19. In this connection, a reference may also be made to M/s, K.L.Johar and Co. v. The Deputy Commercial Tax Officer, Coimbatore III , AIR 1965 SC 1082 [LQ/SC/1964/322] where this Court, while examining a hire purchase agreement, pointed out that such an agreement has two elements; (1) element of bailment, and (2) element of sale in the sense that it contemplates an eventual sale. In the absence of any element of sale in the present case, we do not see any reason for treating the agreement as “transfer” or disallowing the grant of investment allowance, when the assessee complies with the requirements of Section 32A. Section 32A is a beneficial provis ion in a taxing statute. Full effect, therefore, requires to be given to the language used in Section 32A. As observed by this Court in C.A.Abraham v. Income Tax Officer, Kottayam & Anr ., AIR 1961 SC 609, in interpreting a fiscal statute, the Court cannot proceed to make good the deficiencies if there be any. The Court must interpret the statute as it stands and in case of doubt, in a manner favourable to the tax-payer. In the present case, the language of Section 32A covers leasing or finance companies which give the machinery on hire as in the present case.

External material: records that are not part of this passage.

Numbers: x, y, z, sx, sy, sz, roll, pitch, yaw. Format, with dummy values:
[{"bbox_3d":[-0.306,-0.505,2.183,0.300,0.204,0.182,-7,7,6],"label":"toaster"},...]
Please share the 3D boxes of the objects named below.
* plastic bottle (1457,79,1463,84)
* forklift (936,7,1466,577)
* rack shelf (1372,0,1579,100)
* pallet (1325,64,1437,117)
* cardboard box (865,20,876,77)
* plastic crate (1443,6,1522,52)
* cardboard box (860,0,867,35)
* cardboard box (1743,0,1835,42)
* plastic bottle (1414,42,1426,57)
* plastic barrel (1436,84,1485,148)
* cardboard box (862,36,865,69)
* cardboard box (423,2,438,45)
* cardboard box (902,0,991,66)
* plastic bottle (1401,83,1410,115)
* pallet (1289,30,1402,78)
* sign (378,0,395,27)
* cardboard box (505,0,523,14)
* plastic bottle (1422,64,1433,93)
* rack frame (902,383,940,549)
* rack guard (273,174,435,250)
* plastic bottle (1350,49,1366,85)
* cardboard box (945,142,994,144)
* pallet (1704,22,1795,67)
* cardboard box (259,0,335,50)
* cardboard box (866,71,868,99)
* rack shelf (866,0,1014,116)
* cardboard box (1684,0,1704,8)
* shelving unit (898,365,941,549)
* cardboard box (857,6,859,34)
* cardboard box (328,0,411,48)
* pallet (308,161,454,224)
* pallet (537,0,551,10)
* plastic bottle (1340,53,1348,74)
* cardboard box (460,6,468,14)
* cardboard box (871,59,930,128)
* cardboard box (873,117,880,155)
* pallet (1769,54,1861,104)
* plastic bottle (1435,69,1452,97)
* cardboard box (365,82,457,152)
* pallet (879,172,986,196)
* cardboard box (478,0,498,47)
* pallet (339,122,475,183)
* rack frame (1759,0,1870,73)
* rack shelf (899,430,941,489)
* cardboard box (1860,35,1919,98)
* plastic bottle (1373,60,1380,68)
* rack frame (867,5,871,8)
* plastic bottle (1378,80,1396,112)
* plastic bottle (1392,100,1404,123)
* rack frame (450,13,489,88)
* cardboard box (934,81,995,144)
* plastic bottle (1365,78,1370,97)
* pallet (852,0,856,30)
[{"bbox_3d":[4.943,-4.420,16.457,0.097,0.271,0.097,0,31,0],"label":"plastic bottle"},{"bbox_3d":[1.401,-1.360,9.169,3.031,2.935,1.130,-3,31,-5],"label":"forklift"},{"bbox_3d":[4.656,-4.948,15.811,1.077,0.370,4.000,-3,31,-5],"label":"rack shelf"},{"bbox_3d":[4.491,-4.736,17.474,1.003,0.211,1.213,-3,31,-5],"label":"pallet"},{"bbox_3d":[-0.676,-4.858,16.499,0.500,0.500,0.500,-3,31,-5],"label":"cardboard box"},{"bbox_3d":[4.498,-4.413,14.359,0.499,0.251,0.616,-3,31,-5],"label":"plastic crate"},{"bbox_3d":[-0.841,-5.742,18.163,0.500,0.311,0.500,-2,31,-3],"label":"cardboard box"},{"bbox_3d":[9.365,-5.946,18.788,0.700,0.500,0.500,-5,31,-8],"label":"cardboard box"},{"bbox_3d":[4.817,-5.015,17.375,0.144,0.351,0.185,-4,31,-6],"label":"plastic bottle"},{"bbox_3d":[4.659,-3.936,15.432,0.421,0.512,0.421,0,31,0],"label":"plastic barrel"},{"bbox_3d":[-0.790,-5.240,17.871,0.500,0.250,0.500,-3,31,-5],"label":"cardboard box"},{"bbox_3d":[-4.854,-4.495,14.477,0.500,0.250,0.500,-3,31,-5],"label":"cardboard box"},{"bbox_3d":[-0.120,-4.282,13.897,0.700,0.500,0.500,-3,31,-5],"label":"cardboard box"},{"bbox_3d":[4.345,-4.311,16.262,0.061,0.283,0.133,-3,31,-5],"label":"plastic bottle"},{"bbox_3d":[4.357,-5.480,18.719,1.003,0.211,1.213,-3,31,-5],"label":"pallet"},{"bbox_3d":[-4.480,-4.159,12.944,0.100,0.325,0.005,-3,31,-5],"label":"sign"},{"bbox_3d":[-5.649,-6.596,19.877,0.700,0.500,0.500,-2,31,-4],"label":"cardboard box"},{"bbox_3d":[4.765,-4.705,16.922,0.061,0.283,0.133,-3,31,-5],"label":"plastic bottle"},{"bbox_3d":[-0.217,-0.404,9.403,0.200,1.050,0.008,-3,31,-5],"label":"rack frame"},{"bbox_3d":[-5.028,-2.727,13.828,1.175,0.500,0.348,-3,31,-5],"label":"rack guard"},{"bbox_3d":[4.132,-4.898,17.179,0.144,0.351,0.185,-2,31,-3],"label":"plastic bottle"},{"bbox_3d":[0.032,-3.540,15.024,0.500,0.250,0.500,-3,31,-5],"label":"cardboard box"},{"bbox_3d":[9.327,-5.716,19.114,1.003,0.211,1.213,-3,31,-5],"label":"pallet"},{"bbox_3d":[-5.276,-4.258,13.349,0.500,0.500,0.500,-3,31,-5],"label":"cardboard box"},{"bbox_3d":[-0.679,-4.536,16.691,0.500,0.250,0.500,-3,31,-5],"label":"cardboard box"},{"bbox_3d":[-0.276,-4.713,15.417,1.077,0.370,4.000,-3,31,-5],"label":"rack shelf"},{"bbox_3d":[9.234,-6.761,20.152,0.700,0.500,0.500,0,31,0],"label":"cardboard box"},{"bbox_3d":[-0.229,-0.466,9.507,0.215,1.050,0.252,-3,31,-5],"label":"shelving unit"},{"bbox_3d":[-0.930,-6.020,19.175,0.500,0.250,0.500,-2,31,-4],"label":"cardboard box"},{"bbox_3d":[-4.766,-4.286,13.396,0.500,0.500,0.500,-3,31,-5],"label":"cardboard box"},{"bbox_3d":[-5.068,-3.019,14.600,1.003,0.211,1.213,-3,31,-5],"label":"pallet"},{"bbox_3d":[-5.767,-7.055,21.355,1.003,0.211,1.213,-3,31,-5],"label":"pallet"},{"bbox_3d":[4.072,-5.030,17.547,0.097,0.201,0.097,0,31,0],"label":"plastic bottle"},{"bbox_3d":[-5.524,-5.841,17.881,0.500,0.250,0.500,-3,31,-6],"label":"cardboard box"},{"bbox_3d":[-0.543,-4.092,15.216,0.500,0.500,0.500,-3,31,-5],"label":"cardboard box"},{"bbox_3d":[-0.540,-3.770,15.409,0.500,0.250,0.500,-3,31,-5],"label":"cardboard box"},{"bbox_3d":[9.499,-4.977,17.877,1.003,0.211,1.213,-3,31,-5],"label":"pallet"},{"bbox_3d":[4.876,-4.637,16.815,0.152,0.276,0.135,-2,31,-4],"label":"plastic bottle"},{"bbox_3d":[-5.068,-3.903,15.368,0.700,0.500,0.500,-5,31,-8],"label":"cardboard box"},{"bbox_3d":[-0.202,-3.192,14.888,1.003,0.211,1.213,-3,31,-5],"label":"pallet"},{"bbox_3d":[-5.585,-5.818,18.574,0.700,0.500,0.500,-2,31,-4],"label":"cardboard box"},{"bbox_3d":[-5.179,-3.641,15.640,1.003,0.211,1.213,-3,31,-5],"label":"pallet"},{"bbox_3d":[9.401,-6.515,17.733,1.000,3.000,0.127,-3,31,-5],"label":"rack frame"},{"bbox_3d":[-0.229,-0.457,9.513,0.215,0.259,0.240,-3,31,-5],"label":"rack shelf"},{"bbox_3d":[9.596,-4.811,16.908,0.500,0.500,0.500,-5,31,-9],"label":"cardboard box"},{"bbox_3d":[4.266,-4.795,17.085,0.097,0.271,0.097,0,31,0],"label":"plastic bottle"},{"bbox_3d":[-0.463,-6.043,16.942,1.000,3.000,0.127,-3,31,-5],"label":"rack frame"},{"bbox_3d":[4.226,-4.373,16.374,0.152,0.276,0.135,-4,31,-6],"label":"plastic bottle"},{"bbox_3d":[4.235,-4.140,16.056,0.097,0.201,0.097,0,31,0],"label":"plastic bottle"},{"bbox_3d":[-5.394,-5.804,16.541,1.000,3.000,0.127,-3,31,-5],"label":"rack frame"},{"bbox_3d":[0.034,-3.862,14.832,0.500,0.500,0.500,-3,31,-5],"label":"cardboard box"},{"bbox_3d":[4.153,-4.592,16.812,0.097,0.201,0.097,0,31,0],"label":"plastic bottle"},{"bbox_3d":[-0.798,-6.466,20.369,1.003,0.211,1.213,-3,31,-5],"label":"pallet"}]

20. In the premises, the appeals are dismissed with costs.

Advocate List
  • For the Appearing Parties---

Bench
  • HON'BLE MR. JUSTICE SUJATA V. MANOHAR
  • HON'BLE MR. JUSTICE D.P. WADHWA
Eq Citations
  • (1998) 3 SCC 605
  • [1998] 2 SCR 367
  • AIR 1998 SC 1372
  • 1998 3 AD (SC) 176
  • 1998 (2) CTC 87
  • [1998] 231 ITR 308 (SC)
  • JT 1998 (2) SC 564
  • 1998 (2) SCALE 395
  • LQ/SC/1998/356
Head Note

1. Whether assessees entitled to investment allowance under Section 32A of the Income Tax Act, 1961, by leasing machinery to manufacturers? 2. Statutory Provisions: Section 32A of the Income Tax Act, 1961: Investment allowance for machinery or plant. 3. Facts: Petitioners, financial companies engaged in the business of hiring out machinery, claimed investment allowance under Section 32A for machinery owned by them and leased to manufacturers. 4. Issue: Whether assessees satisfied conditions of Section 32A, particularly regarding use of machinery for purposes of their business. 5. Held: Yes. The High Courts of Karnataka and Madras, whose decisions were challenged in the appeals, correctly held that the assessees fulfilled all requirements of Section 32A. 6. Reasons: a. Section 32A(1) requires machinery to be owned by the assessee, wholly used for the purpose of their business, and to fall under categories specified in Section 32A(2). b. Petitioners satisfied these conditions: they owned the machinery, used it for their business of leasing it out, and the machinery came under Section 32A(2)(b)(iii). c. Section 32A(2) describes eligible machinery, including new machinery or plant installed for the purpose of business of manufacture or production of any article. d. Unlike Section 32A(2)(a), which specifies the assessee must be engaged in a particular business, Section 32A(2)(b) does not require the assessee to use the machinery themselves. e. Petitioners leased the machinery to parties who used it for purposes specified in Section 32A(2)(b)(iii), fulfilling the requirement that the machinery be used for the purposes of assessees' business. 7. Conclusion: Appeals dismissed with costs. Petitioners entitled to investment allowance under Section 32A.